A lot of these go straight against what I always thought were unshakeable shared foundations of how our democracy works. How, after all this, could Trump have won his party's nomination and continue to have the support of most of his party's voters? And even within conservative tribalism, he has said many things that would be considered heresy for other GOP politicians. For instance, he criticized McCain for being captured, and it wasn't long ago that he said Clinton was a good senator, secretary of state, and would make a good president. Meanwhile, if another GOP politician so much as hugs Obama, that goes very badly for them with their voters. Why do all the usual rules that apply to all other politicians seem to just not apply to him?
During most of the GOP primaries, I thought there was no chance Trump would win. When someone like Paul Krugman suggested he would, I considered that a result of having a liberal-fantasy-land's strawman idea of what Republican voters are really like. I had more faith in the rationality and decency of the average conservative than that. But Trump won his party's nomination, and the majority of Republican voters still seem to support him. What am I supposed to think about the average Republican voter now?
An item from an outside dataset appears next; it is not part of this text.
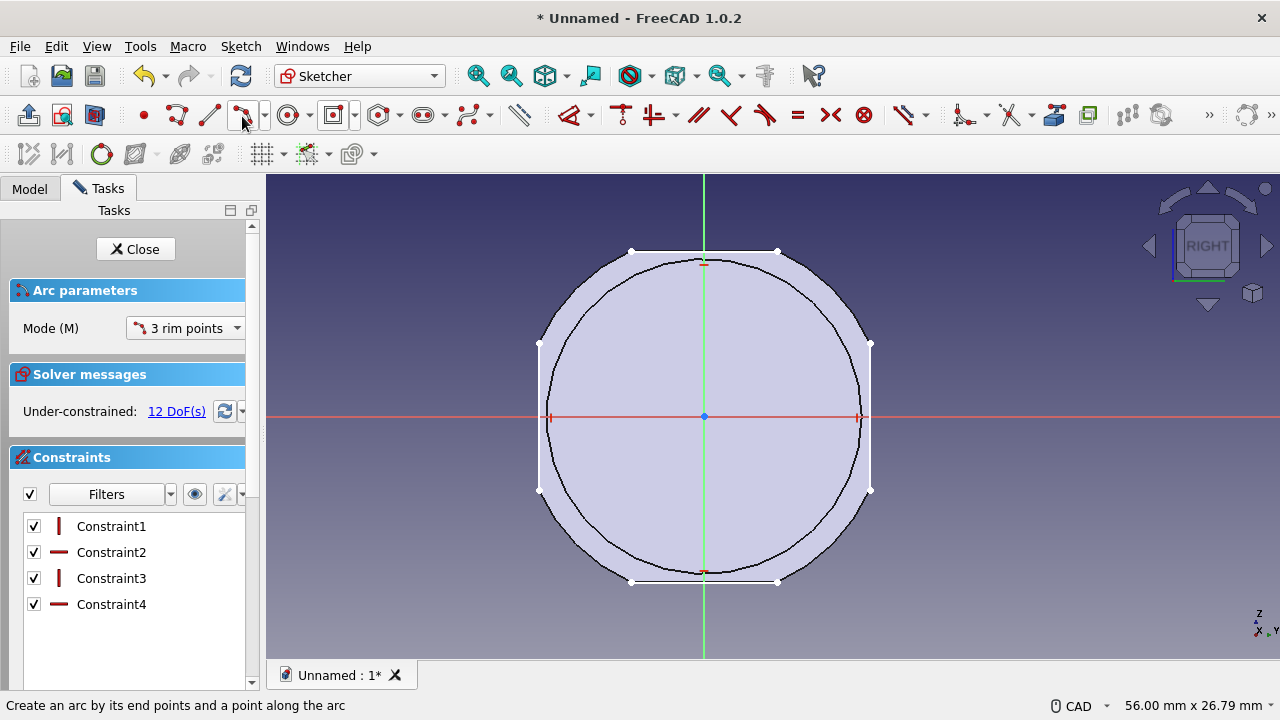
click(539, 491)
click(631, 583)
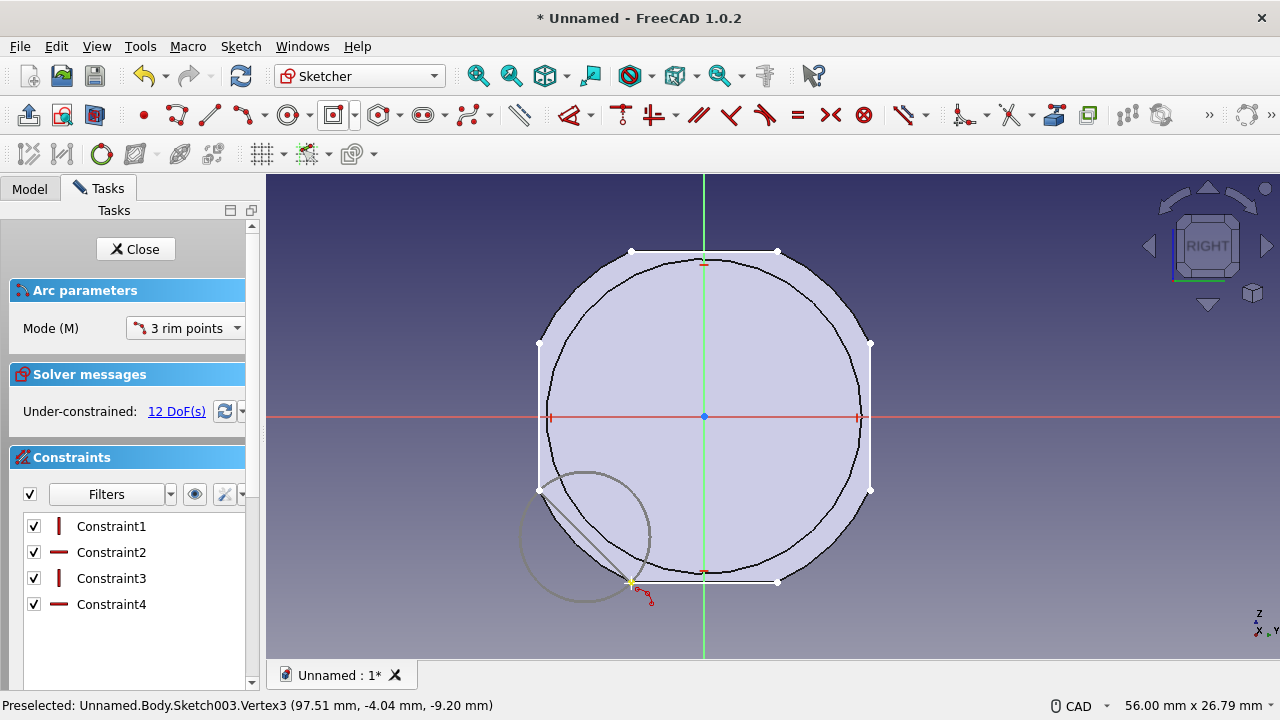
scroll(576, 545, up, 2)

The most important thing is for the sane Republicans to make sure Trump goes down in history as just a strange fluke, and that they go back to electing respectable candidates that don't threaten the basic norms of our democracy. But my big fear is that Trump making it this far, even if he loses big, has lowered the bar and created a new normal going forward, and the reason he gets away with so much of this stuff is because this is actually what a large portion of Republican voters prefer in a candidate. My optimistic side hopes that this is mainly just a symptom of some celebrity-worship blind spot in American culture that others won't be able to replicate in the future.